Just thought I'd share some photos of this years good muzzy season I got my wife on a 4 point and we spotted him in his bed then we sat there for 3 hours tell he stood up at 140 yards and she dumped him then the next day I took my dad out and he dumped a nice 4 point with a lot of mass and trash at the bases!


----------



## Buckfinder (May 23, 2009)

Nice bucks!!


----------



## hunting777 (May 3, 2009)

Wow, nice deer. congrats and welcome to the forum.


----------



## Tl23life21 (Sep 29, 2015)

Thank you guys yeah finally been a long time lurker!!! Finally apart of the site


----------



## 35whelen (Jul 3, 2012)

Wow! Awesome bucks. Congrats


----------



## willfish4food (Jul 14, 2009)

Sweet bucks! Love the huge eye guards on your dad's and the double on your wife's. Congratulations and good job getting them on those awesome animals!


----------



## Tl23life21 (Sep 29, 2015)

Thank you guys and yeah I like them double eye guards to!
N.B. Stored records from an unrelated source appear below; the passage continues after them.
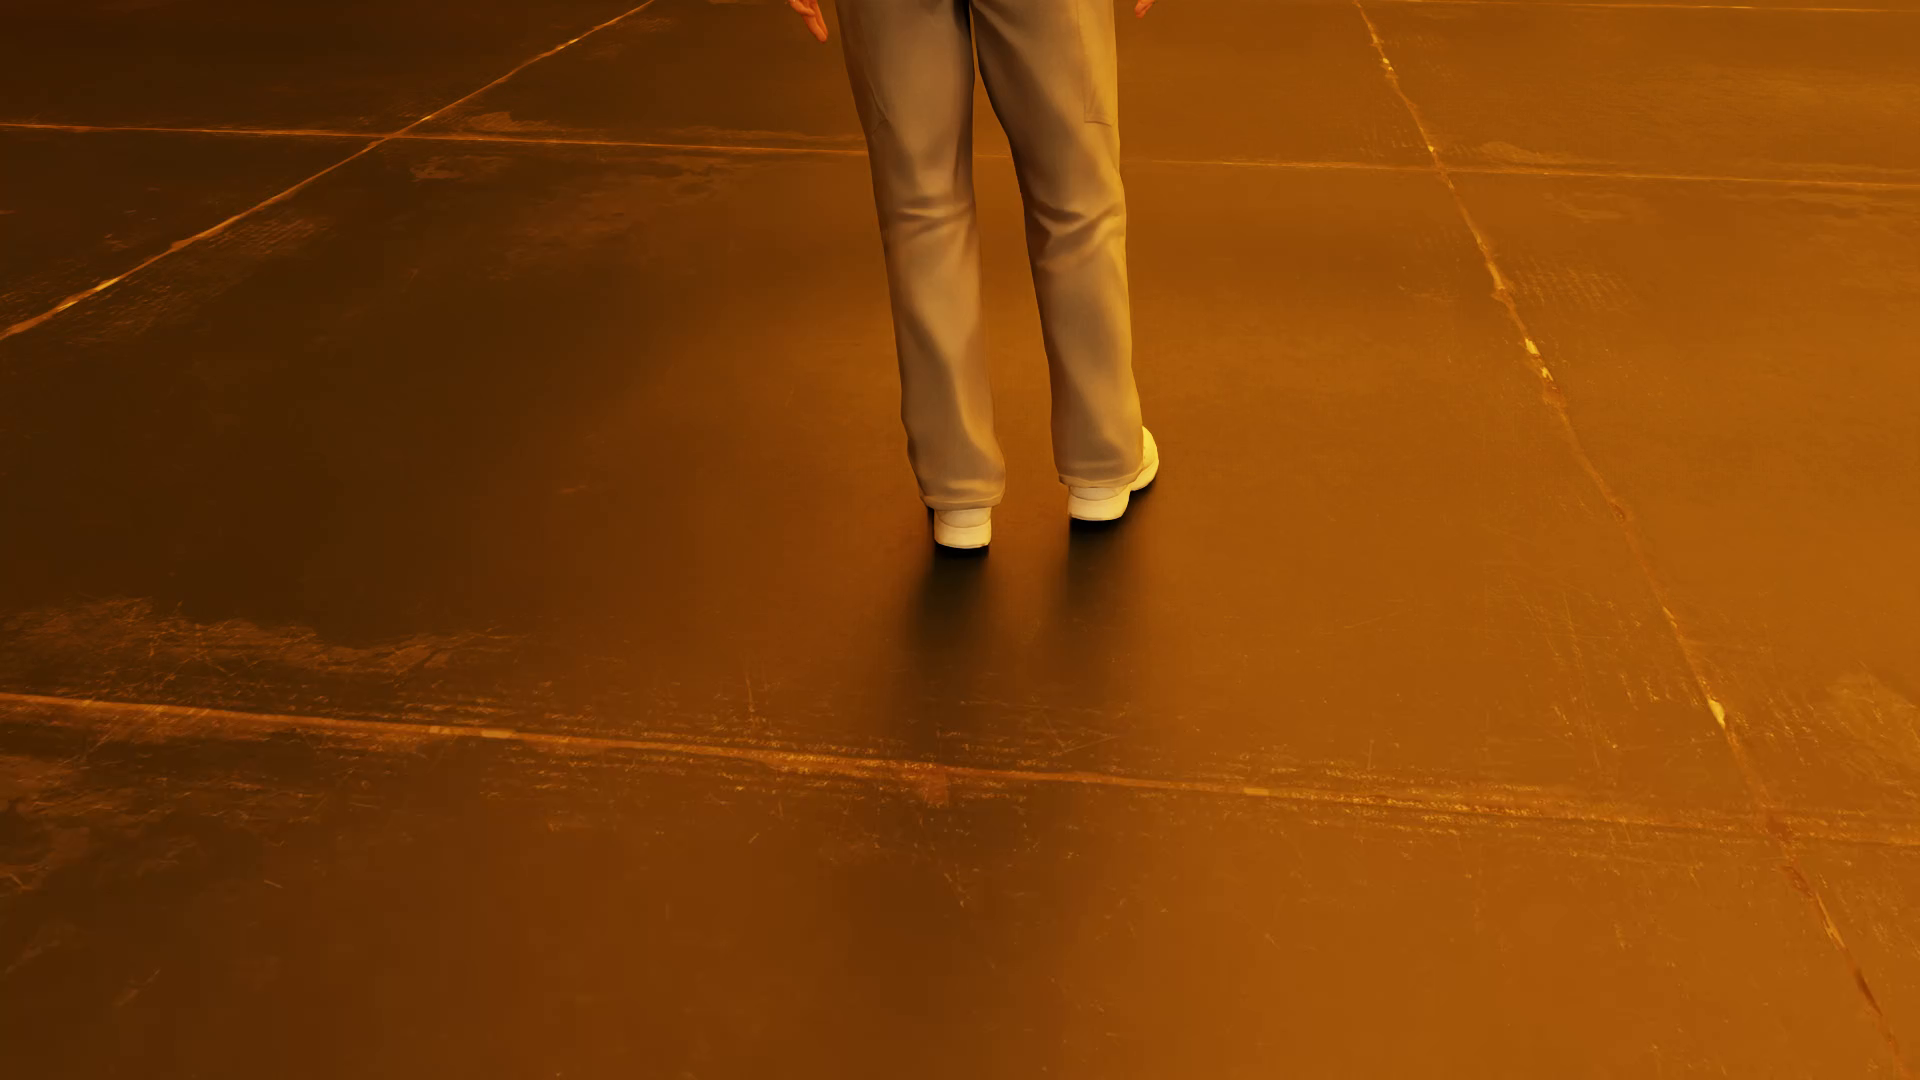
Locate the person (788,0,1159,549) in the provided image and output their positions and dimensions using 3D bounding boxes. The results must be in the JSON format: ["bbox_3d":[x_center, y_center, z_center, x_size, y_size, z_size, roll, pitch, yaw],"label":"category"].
[{"bbox_3d":[0.024,-0.788,2.187,0.549,1.673,0.548,3,27,7],"label":"person"}]
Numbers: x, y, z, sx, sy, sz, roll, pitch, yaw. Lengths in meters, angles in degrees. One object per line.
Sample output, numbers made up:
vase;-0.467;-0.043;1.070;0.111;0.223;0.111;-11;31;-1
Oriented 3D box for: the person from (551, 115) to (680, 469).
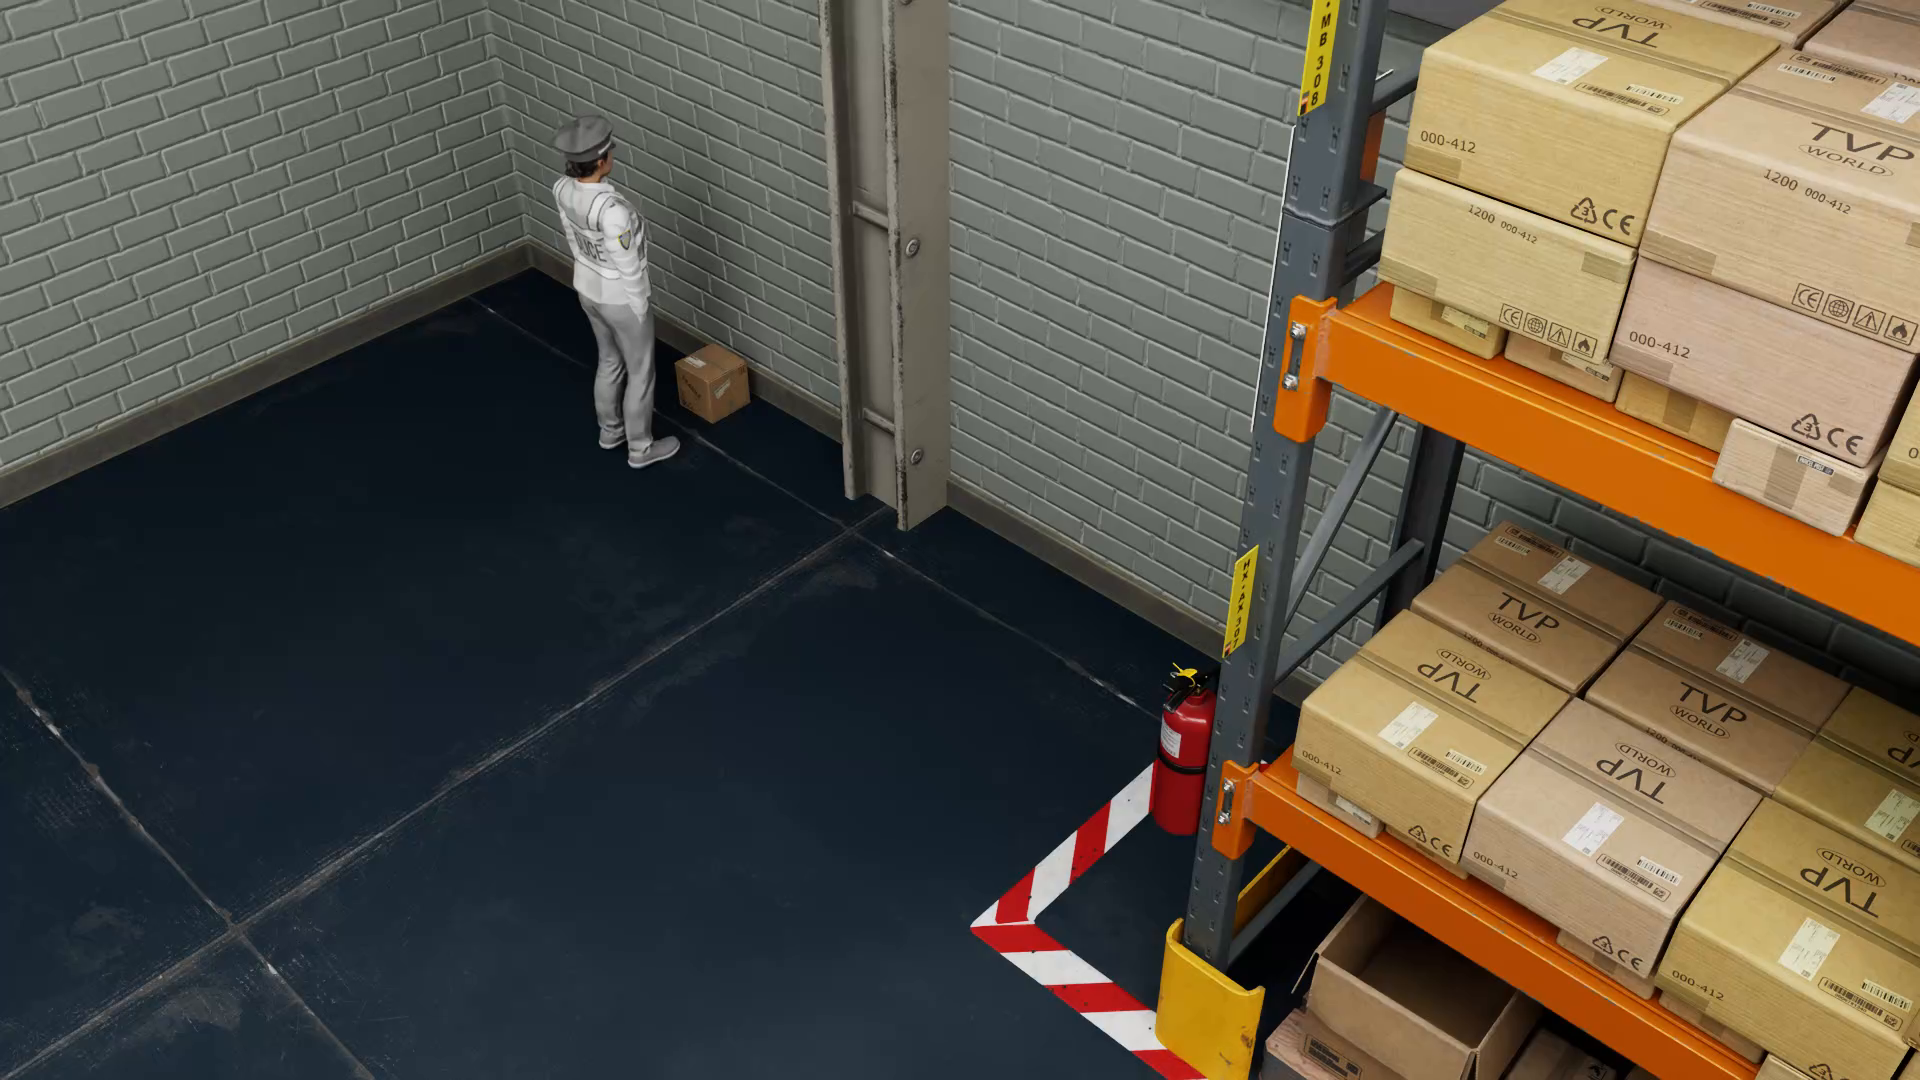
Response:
person;-1.550;-1.103;7.487;0.467;1.671;0.330;32;49;33
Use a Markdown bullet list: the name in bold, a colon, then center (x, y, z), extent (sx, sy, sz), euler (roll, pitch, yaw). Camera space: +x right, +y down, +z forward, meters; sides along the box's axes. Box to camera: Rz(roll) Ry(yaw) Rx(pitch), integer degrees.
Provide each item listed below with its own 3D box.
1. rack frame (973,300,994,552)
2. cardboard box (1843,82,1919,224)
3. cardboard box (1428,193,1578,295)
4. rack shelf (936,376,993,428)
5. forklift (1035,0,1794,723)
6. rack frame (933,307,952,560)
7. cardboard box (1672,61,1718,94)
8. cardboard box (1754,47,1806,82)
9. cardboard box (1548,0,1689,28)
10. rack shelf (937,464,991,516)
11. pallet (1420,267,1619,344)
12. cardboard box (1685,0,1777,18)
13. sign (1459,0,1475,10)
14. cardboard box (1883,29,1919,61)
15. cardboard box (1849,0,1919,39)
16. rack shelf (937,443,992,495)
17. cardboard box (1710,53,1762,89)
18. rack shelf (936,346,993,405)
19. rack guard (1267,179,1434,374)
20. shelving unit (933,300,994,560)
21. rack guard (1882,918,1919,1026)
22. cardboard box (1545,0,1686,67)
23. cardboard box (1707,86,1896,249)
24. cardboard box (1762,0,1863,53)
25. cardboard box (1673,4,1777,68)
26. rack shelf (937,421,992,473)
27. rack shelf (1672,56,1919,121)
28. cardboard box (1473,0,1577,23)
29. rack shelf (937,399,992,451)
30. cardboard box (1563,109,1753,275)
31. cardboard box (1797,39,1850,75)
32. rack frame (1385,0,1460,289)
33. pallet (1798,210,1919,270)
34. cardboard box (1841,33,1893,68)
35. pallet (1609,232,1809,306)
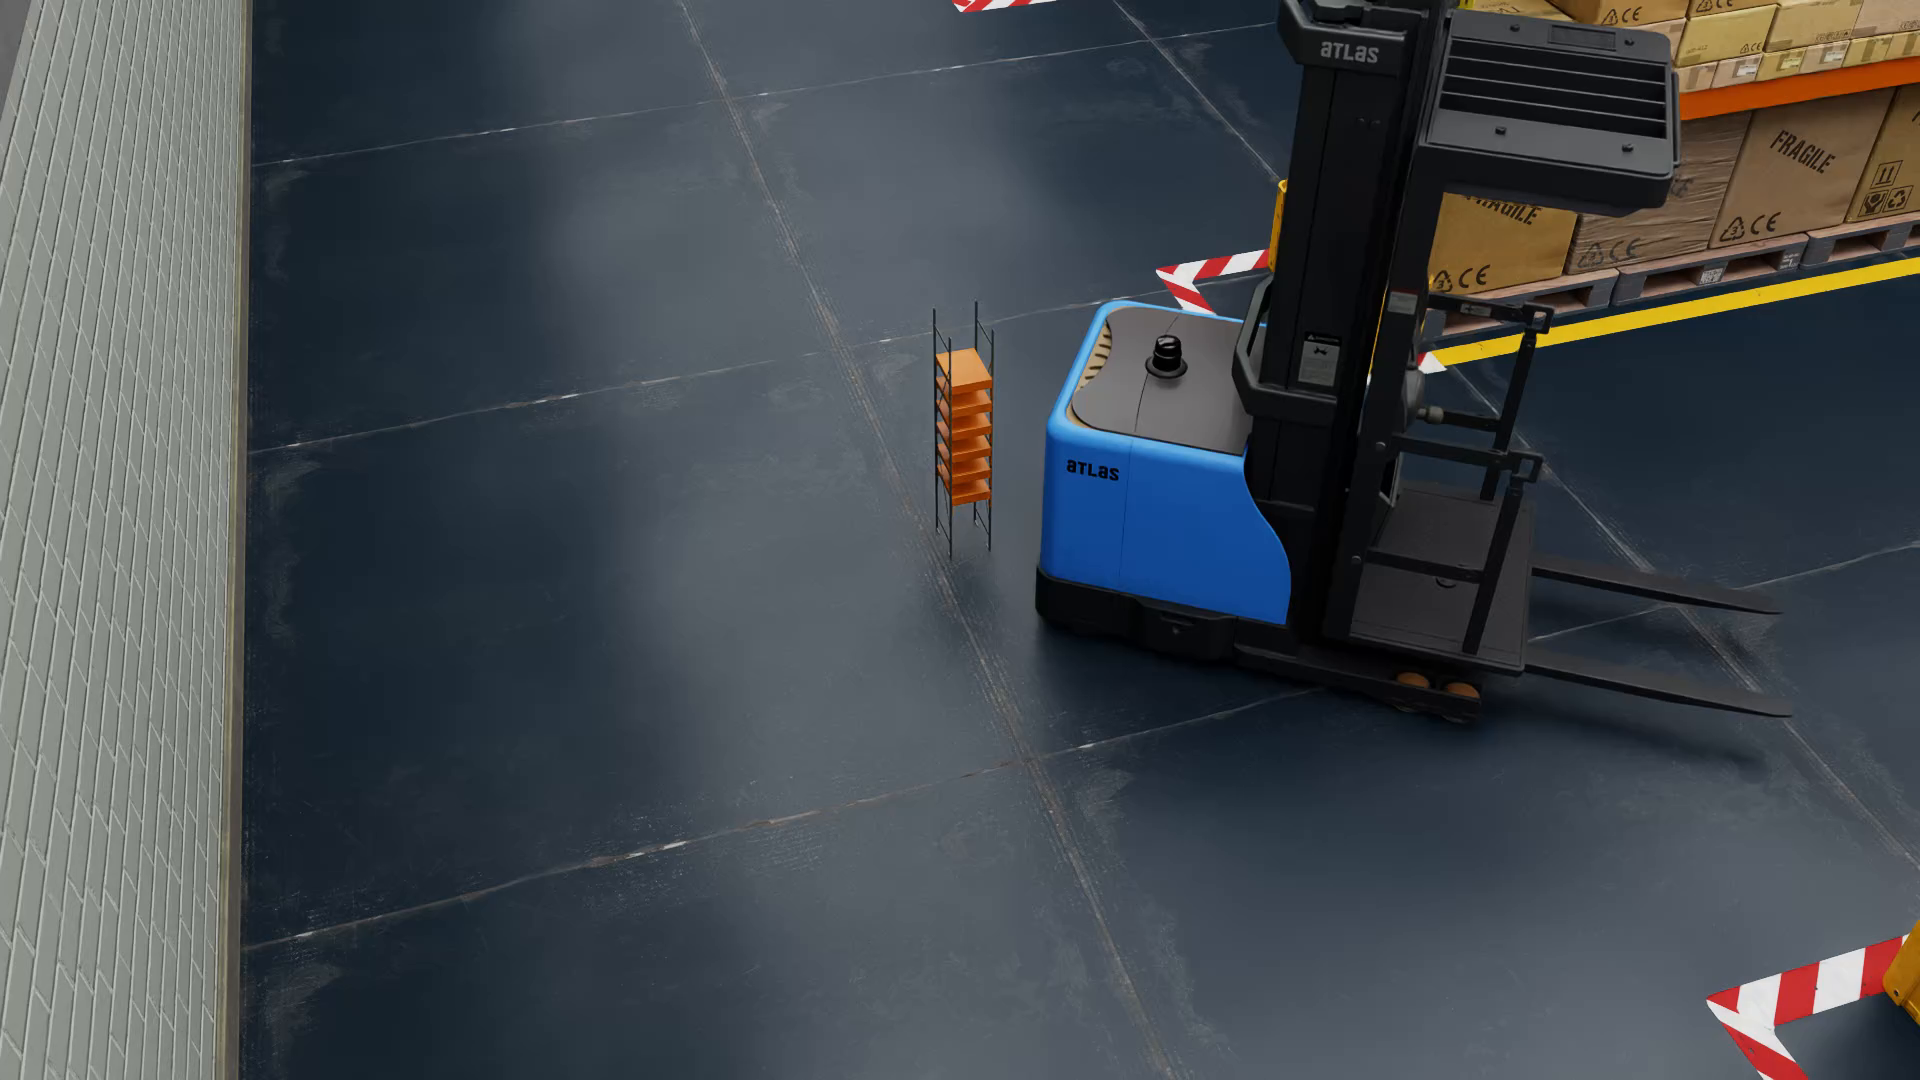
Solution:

It was also her first muzzleloader buck! My dads has bunch of stuff going on at the bases to that the pictures don't do justice


----------



## ridgetop (Sep 13, 2007)

You guys did great. Our party should have had a picture like that but luck just wasn't with us this time.


----------



## Tl23life21 (Sep 29, 2015)

Thank you ridge top it was sure fun to see how happy my wife and my dad were and I got to spend it with both of them!


----------



## Bo0YaA (Sep 29, 2008)

Wow very cool, congrats!!


----------



## mjensen1313 (Jul 29, 2015)

Congrats on a successful hunt!


----------



## neverdrawn (Jan 3, 2009)

The picture with what I'm guessing is your little girl setting on the buck should be the snapshot of the week! Great job on both bucks.


----------



## Tl23life21 (Sep 29, 2015)

Neverdrawn yes that is my 14 month old daughter she loves deer and when I was packing her deer out I had my mom and dad run my daughter so she could be there when we got it to the truck and we took family pics she loved it  thank you they are at the taxidermist right now my dads the picture don't do justice his bases are so narly!!!!


----------